Pause and resume KafkaConsumer in SparkStreaming


:)

I've ended myself in a (strange) situation where, briefly, I don't want to consume any new record from Kafka, so pause the sparkStreaming consumption (InputDStream[ConsumerRecord]) for all partitions in the topic, do some operations and finally, resume consuming records.

First of all... is this possible?

I've been trying sth like this:

var consumer: KafkaConsumer[String, String] = _    
consumer = new KafkaConsumer[String, String](properties)    
consumer.subscribe(java.util.Arrays.asList(topicName))

consumer.pause(consumer.assignment())
...
consumer.resume(consumer.assignment())

but I got this:

println(s"Assigned partitions: $consumer.assignment()") --> []
println(s"Paused partitions: ${consumer.paused()}") --> []
println(s"Partitions for: ${consumer.partitionsFor(topicNAme)}") --> [Partition(topic=topicAAA, partition=0, leader=1, replicas=[1,2,3], partition=1, ... ]

Any help to understand what I'm missing and why I'm getting empty results when it's clear the consumer has partitions assigned will be welcomed!

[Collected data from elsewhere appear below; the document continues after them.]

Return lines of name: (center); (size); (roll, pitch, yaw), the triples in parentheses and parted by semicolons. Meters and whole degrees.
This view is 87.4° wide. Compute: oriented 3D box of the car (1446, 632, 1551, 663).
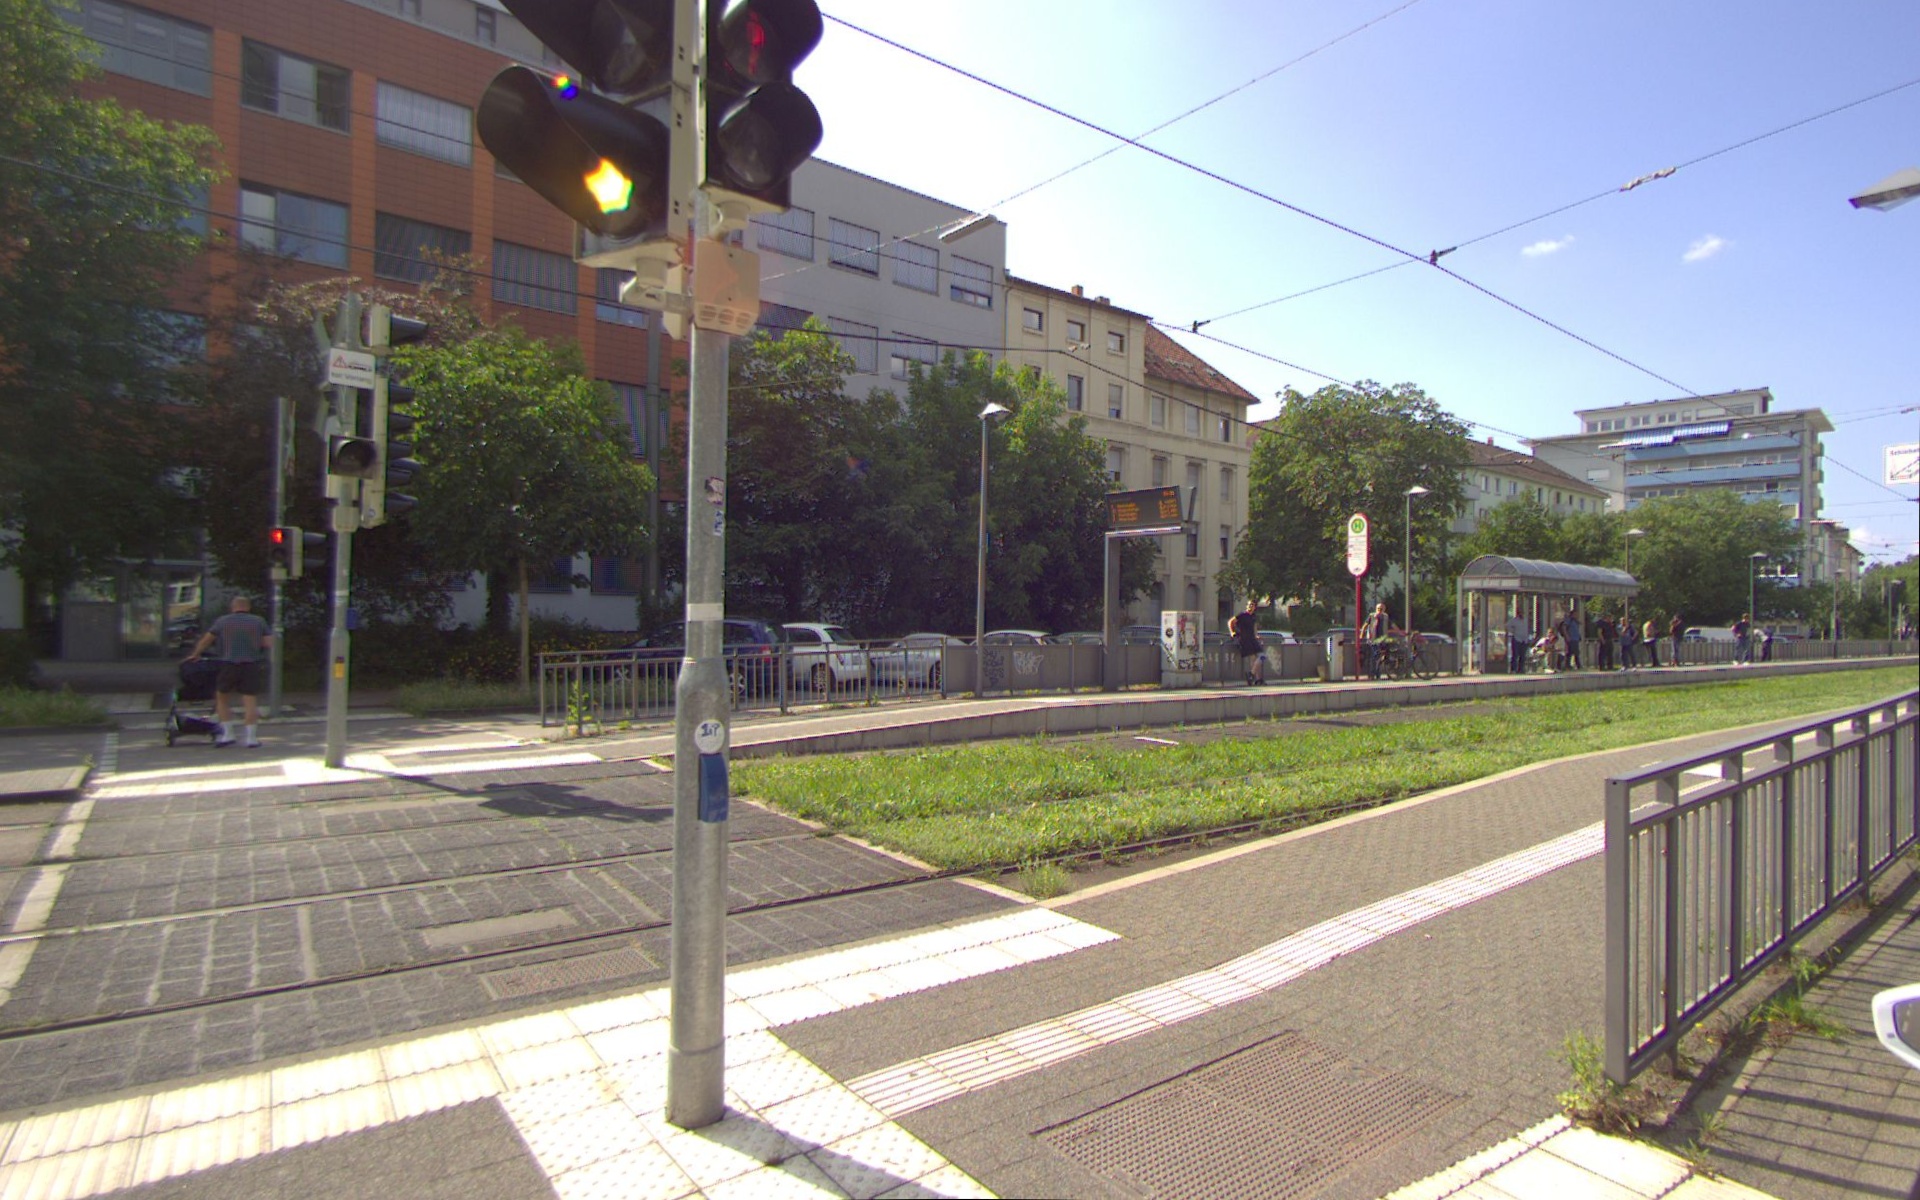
car: (24.744, 2.162, 46.247); (3.919, 1.385, 1.717); (0, -2, 12)

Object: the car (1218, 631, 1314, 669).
car: (11.288, 1.842, 37.198); (3.181, 1.326, 1.457); (0, -1, 7)

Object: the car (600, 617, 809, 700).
car: (-5.532, 1.218, 21.879); (4.049, 1.662, 1.727); (0, -1, 13)

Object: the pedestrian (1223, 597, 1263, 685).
pedestrian: (5.757, 0.826, 20.478); (0.654, 1.749, 0.715); (0, -1, 5)

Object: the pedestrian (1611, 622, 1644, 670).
pedestrian: (20.079, 1.380, 30.228); (0.552, 1.444, 0.656); (0, -1, 0)

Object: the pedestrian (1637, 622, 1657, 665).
pedestrian: (23.976, 1.520, 35.054); (0.482, 1.471, 0.461); (-1, -2, 43)

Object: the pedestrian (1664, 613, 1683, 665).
pedestrian: (24.363, 1.332, 34.296); (0.482, 1.735, 0.461); (-1, -2, 43)

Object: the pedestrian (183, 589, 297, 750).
pedestrian: (-8.527, 0.802, 11.901); (0.996, 1.798, 0.863); (2, -3, -42)

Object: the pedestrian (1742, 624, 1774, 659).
pedestrian: (34.505, 1.797, 43.437); (1.016, 1.456, 0.700); (-2, -2, 38)

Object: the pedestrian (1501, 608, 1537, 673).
pedestrian: (15.183, 1.096, 27.284); (0.650, 1.714, 0.650); (1, -2, -37)

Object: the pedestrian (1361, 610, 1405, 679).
pedestrian: (9.897, 1.040, 23.520); (0.677, 1.590, 0.661); (1, -2, -30)

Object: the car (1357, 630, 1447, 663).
car: (18.695, 1.971, 42.557); (3.181, 1.326, 1.457); (0, -1, 7)

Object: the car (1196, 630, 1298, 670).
car: (9.963, 1.723, 35.010); (3.181, 1.326, 1.457); (1, -1, 4)

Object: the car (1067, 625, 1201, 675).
car: (5.321, 1.495, 30.621); (3.919, 1.476, 1.692); (0, -2, 13)

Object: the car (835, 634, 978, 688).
car: (-1.330, 1.521, 25.411); (3.320, 1.252, 1.545); (0, -1, 13)

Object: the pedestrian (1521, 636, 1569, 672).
pedestrian: (16.399, 1.507, 28.143); (0.789, 1.001, 0.919); (3, -3, -35)

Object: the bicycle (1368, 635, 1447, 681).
bicycle: (10.157, 1.310, 22.799); (1.749, 0.987, 0.683); (1, -3, -28)

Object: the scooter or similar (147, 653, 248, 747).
scooter or similar: (-9.288, 1.195, 12.238); (0.943, 1.078, 0.793); (-3, -3, 41)

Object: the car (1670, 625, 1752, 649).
car: (48.490, 2.350, 64.928); (3.920, 1.466, 1.728); (0, -1, 18)

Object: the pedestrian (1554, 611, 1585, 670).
pedestrian: (18.178, 1.204, 29.966); (0.551, 1.759, 0.590); (1, -2, -33)

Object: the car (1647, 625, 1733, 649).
car: (44.606, 2.269, 61.423); (3.919, 1.404, 1.640); (0, -1, 7)

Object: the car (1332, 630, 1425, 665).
car: (16.801, 1.910, 40.419); (3.181, 1.326, 1.457); (0, -1, 7)

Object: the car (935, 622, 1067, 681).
car: (1.140, 1.371, 27.371); (3.320, 1.525, 1.545); (0, -1, 15)

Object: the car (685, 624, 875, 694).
car: (-4.219, 1.348, 23.745); (4.049, 1.519, 1.727); (0, -1, 13)

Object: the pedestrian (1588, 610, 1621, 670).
pedestrian: (19.354, 1.202, 30.163); (0.631, 1.789, 0.602); (1, -1, -28)

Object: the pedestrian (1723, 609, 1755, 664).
pedestrian: (29.115, 1.355, 37.554); (0.656, 2.040, 0.796); (1, -1, -35)

Versions: Kafka: 0.10 Spark: 2.3.0 Scala: 2.11.8


Solution

  • Yes it is possible Add check pointing in your code and pass persistent storage (local disk,S3,HDFS) path

    and whenever you start/resume your job it will pickup the Kafka Consumer group info with consumer offsets from the check pointing and start processing from where it was stopped.

    val context = StreamingContext.getOrCreate(checkpointDirectory, functionToCreateContext _)
    

    Spark Check-=pointing is mechanism not only for saving the offset but also save the serialize state of your DAG of your Stages and Jobs. So whenever you restart your job with new code it would

    1. Read and process the serialized data
    2. Clean the cached DAG stages if there are any code changes in your Spark App
    3. Resume processing from the new data with latest code.

    Now here reading from disk is just a one time operation required by Spark to load the Kafka Offset, DAG and the old incomplete processed data.

    Once it has done it will always keep on saving the data to disk on default or specified checkpoint interval.

    Spark streaming provides an option to specifying Kafka group id but Spark structured stream does not.